Edward was born at the family home in Machias, August 10, 1829. His boyhood days were spent about the sawmill of his father and it was, therefore, but natural that he should incline toward the lumber industry. The ideas governing the raising of a family were somewhat different in those days from those of the present and, instead of the youth having the best education available, he worked as a laborer about the mill of his parent. While the training of hand and mind was given at the expense of mere schooling it was, nevertheless, an experience never regretted by Mr. Foster in after years.

Mr. Foster started out in the world for himself in 1850, when he was twenty-one years of age. From the parental roof in Machias he went to Boston. He did not find employment, but a streak of venturesomeness in the young man led him to enlist as a member of a crew of a vessel which was being loaded with sawmill machinery consigned to Pope & Talbot, on Puget Sound. Six months were occupied in making the trip, but eventually Port Gamble, now in the State of Washington, but then in the Territory of Oregon, was reached and the mill which the vessel carried was taken ashore and set up. It is believed to have been the first sawmill in the western wilderness of forests washed by the waters of the Pacific Ocean.
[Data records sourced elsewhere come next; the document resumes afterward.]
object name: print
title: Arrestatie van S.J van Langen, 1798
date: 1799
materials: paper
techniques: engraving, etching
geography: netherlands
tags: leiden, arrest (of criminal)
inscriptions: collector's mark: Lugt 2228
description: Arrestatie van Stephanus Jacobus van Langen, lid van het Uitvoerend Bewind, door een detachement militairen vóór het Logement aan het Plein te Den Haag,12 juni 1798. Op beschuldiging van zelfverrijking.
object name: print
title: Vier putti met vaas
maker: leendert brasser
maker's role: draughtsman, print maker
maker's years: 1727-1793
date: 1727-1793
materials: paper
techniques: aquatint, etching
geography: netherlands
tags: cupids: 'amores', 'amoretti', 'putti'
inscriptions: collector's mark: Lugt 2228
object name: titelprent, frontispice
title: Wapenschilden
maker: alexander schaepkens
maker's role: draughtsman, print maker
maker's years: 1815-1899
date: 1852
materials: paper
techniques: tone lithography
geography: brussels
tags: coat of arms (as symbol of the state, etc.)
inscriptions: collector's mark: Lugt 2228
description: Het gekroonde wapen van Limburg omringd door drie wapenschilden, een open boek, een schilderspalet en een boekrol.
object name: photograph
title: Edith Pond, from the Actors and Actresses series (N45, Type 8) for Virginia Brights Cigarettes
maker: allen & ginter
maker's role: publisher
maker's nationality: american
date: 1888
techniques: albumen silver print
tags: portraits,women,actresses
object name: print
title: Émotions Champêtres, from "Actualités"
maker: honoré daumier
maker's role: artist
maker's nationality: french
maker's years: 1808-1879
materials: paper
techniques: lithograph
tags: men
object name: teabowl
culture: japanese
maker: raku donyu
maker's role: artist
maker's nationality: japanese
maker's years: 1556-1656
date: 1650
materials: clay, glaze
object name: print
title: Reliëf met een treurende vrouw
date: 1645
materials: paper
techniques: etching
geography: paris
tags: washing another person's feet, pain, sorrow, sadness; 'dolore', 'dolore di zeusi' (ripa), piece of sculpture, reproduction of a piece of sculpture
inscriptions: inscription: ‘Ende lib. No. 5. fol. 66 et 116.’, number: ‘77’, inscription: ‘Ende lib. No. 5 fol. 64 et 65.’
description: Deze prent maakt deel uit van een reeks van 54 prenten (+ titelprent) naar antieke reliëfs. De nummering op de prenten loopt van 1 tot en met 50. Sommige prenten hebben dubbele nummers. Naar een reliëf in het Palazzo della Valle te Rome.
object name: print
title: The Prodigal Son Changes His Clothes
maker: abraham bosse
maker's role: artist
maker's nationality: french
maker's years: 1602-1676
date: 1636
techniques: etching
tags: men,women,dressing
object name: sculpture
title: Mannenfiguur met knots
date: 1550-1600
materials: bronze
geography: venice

Upon his arrival at Puget Sound Mr. Foster entered the employ of Pope & Talbot, and for two years remained at Port Gamble, most of this time being put in about the sawmill.

Then a desire to visit the East possessed him, and he went on a sailing vessel as far as the Isthmus of Panama. He traveled with a companion across the mountains to the Gulf of Mexico, and from there sailed by ship to New York. While on the Coast Mr. Foster, by dint of hard work and careful living, had managed to save nearly $3,000. This money he had exchanged at San Francisco for a New York draft, but, to his bitter disappointment, upon reaching the metropolis he found that the bank upon which the draft was drawn had failed. All the money he had left was a few dollars in currency. He had planned to return to his old home at Machias, but the loss of the money caused him to alter his plans.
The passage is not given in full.